Ajoutons à cet héritage malheureux une équipe gouvernementale hétéroclite fraîchement mise sur pied qui n’a – pour la plupart de ces membres- que des connaissances superficielles en ce qui concerne le fonctionnement des rouages de l’Etat au niveaux central et régional. Qui plus est, pris au dépourvu par cette crise, le nouveau gouvernement se trouva dans l’obligation de maintenir en place un pouvoir régional, gouverneurs et délégués territoriaux, hérité du gouvernement de Youcef Chahed. Une décision à risques puisque la « pratique partitocratique » en Tunisie veut qu’à chaque coalition gouvernementale son pouvoir régional, ses « hommes de confiance », ce qui garantirait la mise en œuvre de la politique gouvernementale à l’échelle régionale. Il ne faut pas exclure, enfin, la pression des tiraillements politiques qui font le quotidien de la scène politique nationale et la volonté qu’affichent les entités politiques coalisés de même que celles de l’opposition de tirer un « gain » politique, fut-il dérisoire, de cette crise. Ces petits calculs qui relèvent de la « petite politique » ne manquent pas d’influencer la gestion de cette crise.
III
L’impact de tous ces facteurs sur la gestion de la crise fût de deux sortes : un conflit d’autorité et de prérogatives entre les trois « pôles » du pouvoir d’une part et un repli notoire sur une centralisation à outrance d’autre part.
Le conflit d’autorité et de prérogatives entre les trois hautes instances du pouvoir, à savoir la Présidence de la République, la Présidence du Gouvernement et la Présidence de l’ARP, quoique larvé est mis à jour dans un bulletin d’information en date du 16 mars 2020 suite à une entrevue entre le Président de la République et le Président du Gouvernement (1). En effet, chaque haute instance fût appelée de manière on ne peut plus éloquente à s’en tenir à ses prérogatives afin « d’éviter chevauchement, incohérences et spéculations politiques ». Cette mise au point et la manière dont elle fût annoncée ne manquèrent pas de soulever la fureur de l’opinion publique, stigmatisant ainsi des comportements « irresponsables » au moment où le pays fait face à une crise profonde et sans précédent.

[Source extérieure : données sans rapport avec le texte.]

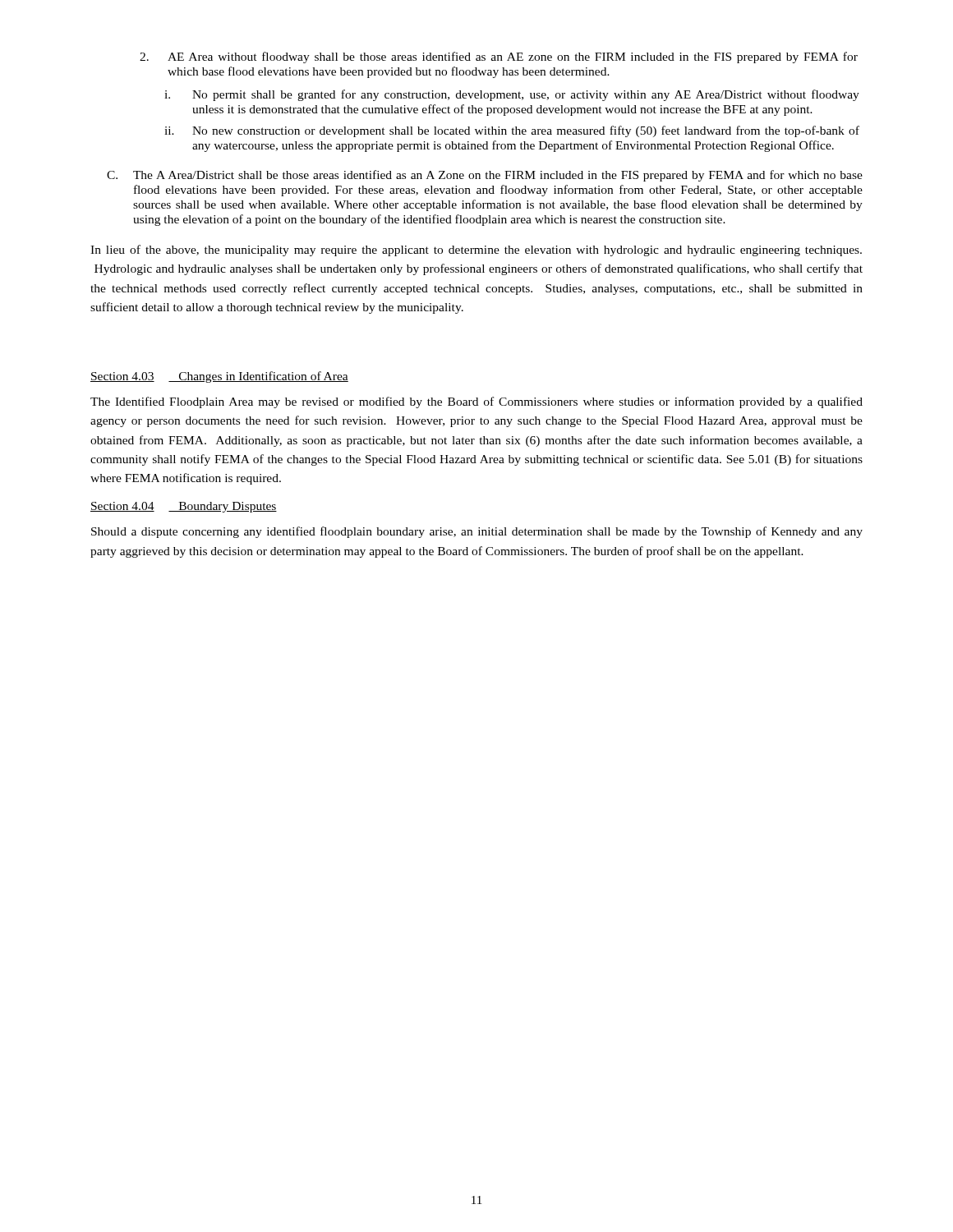Select the region starting "Should a dispute concerning"

[x=476, y=541]

Quant au repli sur une centralisation à outrance, justifié certes par une situation d’exception mais révélant aussi les velléités centralisatrices de l’administration tunisienne, il fut déclaré par deux des plus hautes instances du pouvoir ouvertement à deux reprises. Pour la première, c’est le Président de la République qui, dans son discours de commémoration de l’Indépendance du pays le 20 mars 2020, insista clairement qu’il « n’y a pas lieu de prendre des décisions aux échelons régional et local sans consultation et coordination avec le pouvoir central » (2). Pour la seconde, ce fût le Président du Gouvernement, qui, quelques jours plus tard, le 25 mars 2020, promulgua une circulaire adressée aux Ministres, Secrétaires d’Etats, Gouverneurs, Présidents des municipalités et les chefs des entreprises et établissements publics qui allait dans le même sens (3). A ce niveau, deux conclusions s’imposent. La première porte sur le régime politique « tricéphalique » institué par la Constitution du 27 Janvier 2014. Est-il vraiment le mieux indiqué pour un pays qui peine toujours à surmonter ses difficultés socio-économiques ? N’est-il pas générateur de dysfonctionnements intolérables pour le pays au niveau de la prise de décision? Ne risque-t-il pas d’alimenter et d’exacerber encore et toujours les conflits politiques parfois superflus et nocifs ? Le « cafouillage » en début de crise, les tiraillements au sein de l’ARP donnent à penser que ce régime politique n’est pas adapté à la réalité tunisienne et qu’il devrait être sujet à révision.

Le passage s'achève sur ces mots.